Excerpts from a dataset:
•••

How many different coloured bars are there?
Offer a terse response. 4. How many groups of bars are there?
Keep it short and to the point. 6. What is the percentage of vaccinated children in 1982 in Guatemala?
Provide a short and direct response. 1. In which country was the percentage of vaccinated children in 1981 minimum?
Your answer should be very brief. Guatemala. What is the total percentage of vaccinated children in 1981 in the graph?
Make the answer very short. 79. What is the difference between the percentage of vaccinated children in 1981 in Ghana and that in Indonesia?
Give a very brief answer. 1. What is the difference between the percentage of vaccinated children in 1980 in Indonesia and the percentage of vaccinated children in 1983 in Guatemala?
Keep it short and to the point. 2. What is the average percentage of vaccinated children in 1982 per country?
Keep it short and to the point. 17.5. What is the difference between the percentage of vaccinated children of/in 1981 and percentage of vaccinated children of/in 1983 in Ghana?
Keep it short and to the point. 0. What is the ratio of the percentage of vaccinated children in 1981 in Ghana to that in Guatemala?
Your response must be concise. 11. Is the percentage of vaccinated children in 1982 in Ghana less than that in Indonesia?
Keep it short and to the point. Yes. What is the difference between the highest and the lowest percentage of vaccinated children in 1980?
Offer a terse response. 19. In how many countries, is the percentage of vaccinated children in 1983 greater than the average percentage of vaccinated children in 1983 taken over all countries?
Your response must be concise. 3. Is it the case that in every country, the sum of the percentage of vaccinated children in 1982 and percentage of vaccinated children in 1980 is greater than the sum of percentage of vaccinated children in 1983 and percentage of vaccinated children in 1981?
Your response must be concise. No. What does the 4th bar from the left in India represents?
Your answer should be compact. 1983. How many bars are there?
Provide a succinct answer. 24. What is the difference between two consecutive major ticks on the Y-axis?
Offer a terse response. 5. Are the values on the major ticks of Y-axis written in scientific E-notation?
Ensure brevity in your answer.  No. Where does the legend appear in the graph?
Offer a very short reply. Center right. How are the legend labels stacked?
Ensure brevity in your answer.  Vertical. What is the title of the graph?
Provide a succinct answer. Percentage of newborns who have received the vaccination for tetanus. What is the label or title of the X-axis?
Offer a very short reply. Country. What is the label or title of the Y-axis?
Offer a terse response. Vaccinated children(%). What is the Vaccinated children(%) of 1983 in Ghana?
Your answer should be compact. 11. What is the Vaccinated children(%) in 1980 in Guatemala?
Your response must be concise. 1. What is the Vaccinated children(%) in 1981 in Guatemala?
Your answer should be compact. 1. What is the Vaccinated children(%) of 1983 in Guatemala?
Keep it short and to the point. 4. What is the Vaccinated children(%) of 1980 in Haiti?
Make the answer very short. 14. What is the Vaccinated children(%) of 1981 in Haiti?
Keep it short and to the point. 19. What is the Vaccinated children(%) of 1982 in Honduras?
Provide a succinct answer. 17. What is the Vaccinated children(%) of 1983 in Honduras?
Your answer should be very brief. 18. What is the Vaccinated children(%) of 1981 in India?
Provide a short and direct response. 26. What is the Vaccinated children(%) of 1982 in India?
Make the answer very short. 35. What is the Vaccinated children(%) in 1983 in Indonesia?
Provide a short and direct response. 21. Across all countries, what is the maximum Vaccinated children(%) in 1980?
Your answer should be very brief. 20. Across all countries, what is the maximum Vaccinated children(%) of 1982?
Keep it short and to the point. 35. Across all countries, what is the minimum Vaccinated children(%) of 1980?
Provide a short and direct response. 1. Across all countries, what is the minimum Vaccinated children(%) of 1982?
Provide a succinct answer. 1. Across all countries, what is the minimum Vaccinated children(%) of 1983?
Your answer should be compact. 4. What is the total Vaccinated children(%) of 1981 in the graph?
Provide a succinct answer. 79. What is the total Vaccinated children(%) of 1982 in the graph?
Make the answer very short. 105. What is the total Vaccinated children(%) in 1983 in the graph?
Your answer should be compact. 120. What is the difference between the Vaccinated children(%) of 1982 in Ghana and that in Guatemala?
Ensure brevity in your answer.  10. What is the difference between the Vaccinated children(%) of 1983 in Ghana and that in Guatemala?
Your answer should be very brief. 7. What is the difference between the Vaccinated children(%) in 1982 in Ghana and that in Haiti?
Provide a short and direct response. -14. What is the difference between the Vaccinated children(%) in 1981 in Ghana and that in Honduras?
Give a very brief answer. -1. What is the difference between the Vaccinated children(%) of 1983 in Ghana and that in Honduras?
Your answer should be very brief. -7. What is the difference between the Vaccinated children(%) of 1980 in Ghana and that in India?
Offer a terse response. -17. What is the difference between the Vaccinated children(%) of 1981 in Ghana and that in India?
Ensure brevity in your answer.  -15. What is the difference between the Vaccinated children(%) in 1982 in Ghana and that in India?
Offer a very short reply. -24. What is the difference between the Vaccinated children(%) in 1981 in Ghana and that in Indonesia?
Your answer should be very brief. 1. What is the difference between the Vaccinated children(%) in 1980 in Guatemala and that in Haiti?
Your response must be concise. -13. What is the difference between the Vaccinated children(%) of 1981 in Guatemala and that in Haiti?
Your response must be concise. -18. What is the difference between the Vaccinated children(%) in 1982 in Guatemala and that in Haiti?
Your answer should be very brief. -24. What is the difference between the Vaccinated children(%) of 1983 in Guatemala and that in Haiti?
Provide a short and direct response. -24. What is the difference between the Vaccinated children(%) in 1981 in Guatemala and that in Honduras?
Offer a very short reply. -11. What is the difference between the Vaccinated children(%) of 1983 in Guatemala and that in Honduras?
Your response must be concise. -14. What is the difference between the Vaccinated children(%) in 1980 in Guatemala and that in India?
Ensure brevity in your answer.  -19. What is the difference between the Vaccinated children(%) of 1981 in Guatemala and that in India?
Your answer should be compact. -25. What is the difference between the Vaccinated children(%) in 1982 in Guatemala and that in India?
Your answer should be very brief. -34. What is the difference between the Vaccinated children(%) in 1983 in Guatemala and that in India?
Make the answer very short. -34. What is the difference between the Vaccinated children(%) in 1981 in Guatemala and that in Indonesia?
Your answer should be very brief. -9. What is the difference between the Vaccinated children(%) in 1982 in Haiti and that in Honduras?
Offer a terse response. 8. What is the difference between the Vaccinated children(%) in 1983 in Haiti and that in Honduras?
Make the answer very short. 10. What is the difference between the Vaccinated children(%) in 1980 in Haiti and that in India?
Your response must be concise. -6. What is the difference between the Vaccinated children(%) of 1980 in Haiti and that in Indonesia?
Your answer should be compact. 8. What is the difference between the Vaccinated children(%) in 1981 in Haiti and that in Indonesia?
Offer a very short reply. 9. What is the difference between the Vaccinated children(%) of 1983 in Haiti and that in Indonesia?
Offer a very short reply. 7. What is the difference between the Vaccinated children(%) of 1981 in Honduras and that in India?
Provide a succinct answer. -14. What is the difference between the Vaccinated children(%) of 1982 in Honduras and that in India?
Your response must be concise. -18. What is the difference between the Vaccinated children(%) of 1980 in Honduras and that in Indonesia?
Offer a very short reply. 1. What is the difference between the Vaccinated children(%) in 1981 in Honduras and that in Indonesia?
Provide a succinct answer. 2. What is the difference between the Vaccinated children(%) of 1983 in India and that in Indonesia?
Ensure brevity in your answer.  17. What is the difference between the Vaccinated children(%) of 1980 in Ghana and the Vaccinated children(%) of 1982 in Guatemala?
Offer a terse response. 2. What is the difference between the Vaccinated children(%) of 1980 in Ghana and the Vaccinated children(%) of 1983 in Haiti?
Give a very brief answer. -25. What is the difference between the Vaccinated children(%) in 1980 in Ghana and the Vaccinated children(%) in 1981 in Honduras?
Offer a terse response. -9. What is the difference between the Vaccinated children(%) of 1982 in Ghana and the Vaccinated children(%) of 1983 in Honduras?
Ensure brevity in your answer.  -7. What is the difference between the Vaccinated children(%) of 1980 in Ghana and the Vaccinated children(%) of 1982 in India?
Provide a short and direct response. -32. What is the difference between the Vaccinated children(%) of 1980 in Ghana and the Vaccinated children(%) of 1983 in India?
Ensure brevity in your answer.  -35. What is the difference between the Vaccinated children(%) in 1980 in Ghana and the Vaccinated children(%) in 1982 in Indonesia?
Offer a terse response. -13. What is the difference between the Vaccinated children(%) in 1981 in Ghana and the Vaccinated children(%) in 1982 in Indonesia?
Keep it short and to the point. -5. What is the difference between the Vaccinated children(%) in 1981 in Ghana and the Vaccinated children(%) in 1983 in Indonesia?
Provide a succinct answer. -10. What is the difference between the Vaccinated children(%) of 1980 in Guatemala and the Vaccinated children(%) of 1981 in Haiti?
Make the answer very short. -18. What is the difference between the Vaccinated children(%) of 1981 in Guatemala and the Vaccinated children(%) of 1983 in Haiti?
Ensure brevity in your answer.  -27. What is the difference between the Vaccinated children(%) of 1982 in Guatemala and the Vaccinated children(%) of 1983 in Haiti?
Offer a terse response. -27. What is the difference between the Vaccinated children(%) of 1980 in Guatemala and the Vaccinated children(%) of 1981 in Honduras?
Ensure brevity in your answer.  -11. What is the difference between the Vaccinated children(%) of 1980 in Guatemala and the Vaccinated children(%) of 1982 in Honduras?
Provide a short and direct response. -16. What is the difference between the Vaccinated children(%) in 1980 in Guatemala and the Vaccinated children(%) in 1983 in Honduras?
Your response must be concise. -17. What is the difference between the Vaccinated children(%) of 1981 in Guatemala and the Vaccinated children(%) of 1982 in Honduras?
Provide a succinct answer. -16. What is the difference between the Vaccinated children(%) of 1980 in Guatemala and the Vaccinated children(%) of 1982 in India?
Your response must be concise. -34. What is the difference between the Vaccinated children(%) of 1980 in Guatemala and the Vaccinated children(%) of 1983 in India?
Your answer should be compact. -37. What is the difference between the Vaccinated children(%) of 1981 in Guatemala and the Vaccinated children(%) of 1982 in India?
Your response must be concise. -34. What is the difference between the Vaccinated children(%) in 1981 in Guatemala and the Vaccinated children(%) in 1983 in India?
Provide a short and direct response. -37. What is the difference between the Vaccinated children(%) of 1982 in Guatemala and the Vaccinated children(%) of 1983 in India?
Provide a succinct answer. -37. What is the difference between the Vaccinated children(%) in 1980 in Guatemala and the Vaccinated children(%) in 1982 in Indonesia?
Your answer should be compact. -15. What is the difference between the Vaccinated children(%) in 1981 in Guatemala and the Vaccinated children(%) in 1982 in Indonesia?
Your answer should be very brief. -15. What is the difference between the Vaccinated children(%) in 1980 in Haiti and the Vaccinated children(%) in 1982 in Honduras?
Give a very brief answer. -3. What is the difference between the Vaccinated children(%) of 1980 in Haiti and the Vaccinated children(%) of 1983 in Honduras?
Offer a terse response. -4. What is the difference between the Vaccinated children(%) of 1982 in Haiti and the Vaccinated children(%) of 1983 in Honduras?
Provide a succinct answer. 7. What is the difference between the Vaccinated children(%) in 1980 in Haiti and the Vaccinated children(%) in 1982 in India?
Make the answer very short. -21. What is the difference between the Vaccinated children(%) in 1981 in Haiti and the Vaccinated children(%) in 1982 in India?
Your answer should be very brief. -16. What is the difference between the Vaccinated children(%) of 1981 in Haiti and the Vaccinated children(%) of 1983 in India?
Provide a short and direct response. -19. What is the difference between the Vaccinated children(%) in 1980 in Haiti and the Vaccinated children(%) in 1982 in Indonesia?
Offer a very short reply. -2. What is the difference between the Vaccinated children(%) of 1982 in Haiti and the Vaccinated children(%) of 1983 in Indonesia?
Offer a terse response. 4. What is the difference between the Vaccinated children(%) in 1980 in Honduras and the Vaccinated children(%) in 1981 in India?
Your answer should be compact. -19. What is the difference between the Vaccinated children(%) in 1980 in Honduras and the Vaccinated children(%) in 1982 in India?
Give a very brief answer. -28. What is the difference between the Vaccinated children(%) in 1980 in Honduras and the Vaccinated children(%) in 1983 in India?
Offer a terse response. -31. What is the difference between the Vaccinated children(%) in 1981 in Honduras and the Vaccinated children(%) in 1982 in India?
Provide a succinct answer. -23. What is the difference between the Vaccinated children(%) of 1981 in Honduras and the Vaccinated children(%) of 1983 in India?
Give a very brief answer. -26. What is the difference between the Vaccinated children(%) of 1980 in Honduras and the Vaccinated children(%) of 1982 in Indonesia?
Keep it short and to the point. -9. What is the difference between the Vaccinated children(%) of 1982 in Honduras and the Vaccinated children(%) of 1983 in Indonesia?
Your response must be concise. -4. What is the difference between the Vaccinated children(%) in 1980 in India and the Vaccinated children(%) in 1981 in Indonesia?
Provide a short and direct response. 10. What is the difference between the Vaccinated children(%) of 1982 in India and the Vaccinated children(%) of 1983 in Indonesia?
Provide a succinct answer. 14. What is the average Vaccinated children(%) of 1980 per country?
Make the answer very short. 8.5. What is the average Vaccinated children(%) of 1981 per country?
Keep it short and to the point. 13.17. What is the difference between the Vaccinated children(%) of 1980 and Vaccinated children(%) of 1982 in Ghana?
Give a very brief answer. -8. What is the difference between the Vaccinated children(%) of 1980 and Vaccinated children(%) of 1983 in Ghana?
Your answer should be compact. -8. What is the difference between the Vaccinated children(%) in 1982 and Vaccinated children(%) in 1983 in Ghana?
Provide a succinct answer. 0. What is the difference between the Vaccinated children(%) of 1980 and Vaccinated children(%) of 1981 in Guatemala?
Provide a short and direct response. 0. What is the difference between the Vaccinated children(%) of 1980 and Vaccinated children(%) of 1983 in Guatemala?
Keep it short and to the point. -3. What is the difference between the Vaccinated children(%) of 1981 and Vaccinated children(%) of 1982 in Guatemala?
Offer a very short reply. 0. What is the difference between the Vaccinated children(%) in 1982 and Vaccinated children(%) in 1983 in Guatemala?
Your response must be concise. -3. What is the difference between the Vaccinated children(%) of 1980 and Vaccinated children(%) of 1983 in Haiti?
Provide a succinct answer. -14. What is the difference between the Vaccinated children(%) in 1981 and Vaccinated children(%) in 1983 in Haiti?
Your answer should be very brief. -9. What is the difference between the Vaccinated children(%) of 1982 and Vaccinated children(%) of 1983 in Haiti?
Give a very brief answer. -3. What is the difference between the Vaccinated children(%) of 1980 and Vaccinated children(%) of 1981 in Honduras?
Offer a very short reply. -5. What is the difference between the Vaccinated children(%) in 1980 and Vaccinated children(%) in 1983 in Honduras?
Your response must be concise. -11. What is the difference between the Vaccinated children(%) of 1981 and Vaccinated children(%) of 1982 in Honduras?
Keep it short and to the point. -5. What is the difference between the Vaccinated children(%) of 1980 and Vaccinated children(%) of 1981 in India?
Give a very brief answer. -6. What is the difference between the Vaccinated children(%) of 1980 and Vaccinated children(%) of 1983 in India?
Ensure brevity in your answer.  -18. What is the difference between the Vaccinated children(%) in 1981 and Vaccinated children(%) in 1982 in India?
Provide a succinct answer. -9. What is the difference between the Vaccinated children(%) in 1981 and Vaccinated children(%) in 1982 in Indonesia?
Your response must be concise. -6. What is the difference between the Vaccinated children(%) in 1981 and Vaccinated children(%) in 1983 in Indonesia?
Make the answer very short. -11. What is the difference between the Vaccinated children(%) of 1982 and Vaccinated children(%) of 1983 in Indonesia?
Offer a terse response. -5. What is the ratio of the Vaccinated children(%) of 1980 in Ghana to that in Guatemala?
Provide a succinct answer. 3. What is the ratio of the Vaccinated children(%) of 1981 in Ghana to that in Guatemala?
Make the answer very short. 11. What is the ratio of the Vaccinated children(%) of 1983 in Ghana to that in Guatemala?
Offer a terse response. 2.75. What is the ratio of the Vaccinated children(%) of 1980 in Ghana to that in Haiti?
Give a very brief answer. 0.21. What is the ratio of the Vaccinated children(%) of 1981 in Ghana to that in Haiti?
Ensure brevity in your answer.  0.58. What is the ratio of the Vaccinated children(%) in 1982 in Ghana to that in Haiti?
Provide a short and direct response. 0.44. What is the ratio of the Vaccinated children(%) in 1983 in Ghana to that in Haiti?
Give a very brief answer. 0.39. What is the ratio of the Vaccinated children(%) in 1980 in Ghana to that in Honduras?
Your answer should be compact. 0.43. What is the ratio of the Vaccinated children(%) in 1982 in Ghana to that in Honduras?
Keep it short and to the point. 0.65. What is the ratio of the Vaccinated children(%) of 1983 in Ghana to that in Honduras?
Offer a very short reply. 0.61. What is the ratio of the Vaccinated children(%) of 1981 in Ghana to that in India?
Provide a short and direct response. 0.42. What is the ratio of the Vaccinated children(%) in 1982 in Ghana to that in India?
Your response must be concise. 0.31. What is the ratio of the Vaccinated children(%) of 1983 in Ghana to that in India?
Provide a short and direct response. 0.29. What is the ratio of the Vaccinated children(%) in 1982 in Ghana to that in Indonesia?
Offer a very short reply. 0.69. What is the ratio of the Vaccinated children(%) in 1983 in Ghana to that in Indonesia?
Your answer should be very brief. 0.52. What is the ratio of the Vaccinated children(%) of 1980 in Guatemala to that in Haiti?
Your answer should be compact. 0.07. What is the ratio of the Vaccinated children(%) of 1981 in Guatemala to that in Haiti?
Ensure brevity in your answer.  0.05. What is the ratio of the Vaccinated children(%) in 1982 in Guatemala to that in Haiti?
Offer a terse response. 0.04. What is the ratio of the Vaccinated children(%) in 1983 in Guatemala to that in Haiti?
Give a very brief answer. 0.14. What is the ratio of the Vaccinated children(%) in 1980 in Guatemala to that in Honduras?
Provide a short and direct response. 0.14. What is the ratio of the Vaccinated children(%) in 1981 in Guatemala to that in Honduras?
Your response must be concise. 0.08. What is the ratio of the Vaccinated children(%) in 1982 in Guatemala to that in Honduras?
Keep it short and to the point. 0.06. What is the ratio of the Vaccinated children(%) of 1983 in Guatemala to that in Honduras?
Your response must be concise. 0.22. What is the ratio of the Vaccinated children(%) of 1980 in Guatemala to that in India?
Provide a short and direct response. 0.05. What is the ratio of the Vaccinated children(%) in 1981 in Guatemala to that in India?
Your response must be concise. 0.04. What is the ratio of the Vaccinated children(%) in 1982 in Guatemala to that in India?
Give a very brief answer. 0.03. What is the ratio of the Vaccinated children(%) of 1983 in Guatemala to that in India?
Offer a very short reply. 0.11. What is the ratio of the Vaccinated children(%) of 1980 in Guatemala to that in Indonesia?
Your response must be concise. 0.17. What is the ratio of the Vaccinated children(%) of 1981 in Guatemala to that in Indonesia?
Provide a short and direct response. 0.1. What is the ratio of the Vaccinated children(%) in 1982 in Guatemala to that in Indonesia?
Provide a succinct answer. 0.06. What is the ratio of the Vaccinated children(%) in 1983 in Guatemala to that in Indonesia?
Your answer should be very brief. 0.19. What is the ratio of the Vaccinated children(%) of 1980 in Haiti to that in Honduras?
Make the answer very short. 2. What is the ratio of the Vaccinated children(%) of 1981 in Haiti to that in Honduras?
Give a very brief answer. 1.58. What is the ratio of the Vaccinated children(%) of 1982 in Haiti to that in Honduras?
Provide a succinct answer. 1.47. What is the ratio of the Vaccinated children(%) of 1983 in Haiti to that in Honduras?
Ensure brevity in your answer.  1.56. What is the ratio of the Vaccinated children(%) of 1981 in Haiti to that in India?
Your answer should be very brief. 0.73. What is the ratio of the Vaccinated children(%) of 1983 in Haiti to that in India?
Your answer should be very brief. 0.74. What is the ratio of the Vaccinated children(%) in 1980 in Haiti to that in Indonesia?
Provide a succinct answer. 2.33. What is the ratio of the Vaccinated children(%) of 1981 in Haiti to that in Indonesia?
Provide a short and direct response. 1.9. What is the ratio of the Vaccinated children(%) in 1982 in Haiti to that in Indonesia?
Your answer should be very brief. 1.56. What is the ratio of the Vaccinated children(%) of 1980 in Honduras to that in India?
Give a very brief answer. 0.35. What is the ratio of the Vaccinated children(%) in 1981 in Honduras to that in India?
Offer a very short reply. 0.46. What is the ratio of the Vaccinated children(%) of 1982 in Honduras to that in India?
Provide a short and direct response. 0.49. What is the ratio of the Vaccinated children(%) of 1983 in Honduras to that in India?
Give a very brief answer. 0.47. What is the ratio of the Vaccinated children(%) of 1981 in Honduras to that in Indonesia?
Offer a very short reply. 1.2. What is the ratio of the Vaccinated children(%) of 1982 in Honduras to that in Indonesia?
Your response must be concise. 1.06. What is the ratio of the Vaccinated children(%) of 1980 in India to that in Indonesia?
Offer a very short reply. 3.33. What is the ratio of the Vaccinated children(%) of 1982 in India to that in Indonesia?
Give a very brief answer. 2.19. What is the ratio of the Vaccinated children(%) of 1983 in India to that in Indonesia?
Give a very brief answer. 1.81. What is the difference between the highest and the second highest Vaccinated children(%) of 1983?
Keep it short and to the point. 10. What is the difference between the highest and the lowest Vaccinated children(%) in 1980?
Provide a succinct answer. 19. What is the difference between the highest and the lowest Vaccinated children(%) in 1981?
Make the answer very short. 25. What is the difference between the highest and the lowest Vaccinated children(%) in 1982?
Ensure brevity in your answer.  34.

•••

Problem requirements: Your answer should consist of the lines from the line with "Your answer should be compact. 4." to the line with "Your answer should be very brief. 7." above, repeated exactly, both ends included.

Answer to the problem:
Your answer should be compact. 4. What is the total Vaccinated children(%) of 1981 in the graph?
Provide a succinct answer. 79. What is the total Vaccinated children(%) of 1982 in the graph?
Make the answer very short. 105. What is the total Vaccinated children(%) in 1983 in the graph?
Your answer should be compact. 120. What is the difference between the Vaccinated children(%) of 1982 in Ghana and that in Guatemala?
Ensure brevity in your answer.  10. What is the difference between the Vaccinated children(%) of 1983 in Ghana and that in Guatemala?
Your answer should be very brief. 7. What is the difference between the Vaccinated children(%) in 1982 in Ghana and that in Haiti?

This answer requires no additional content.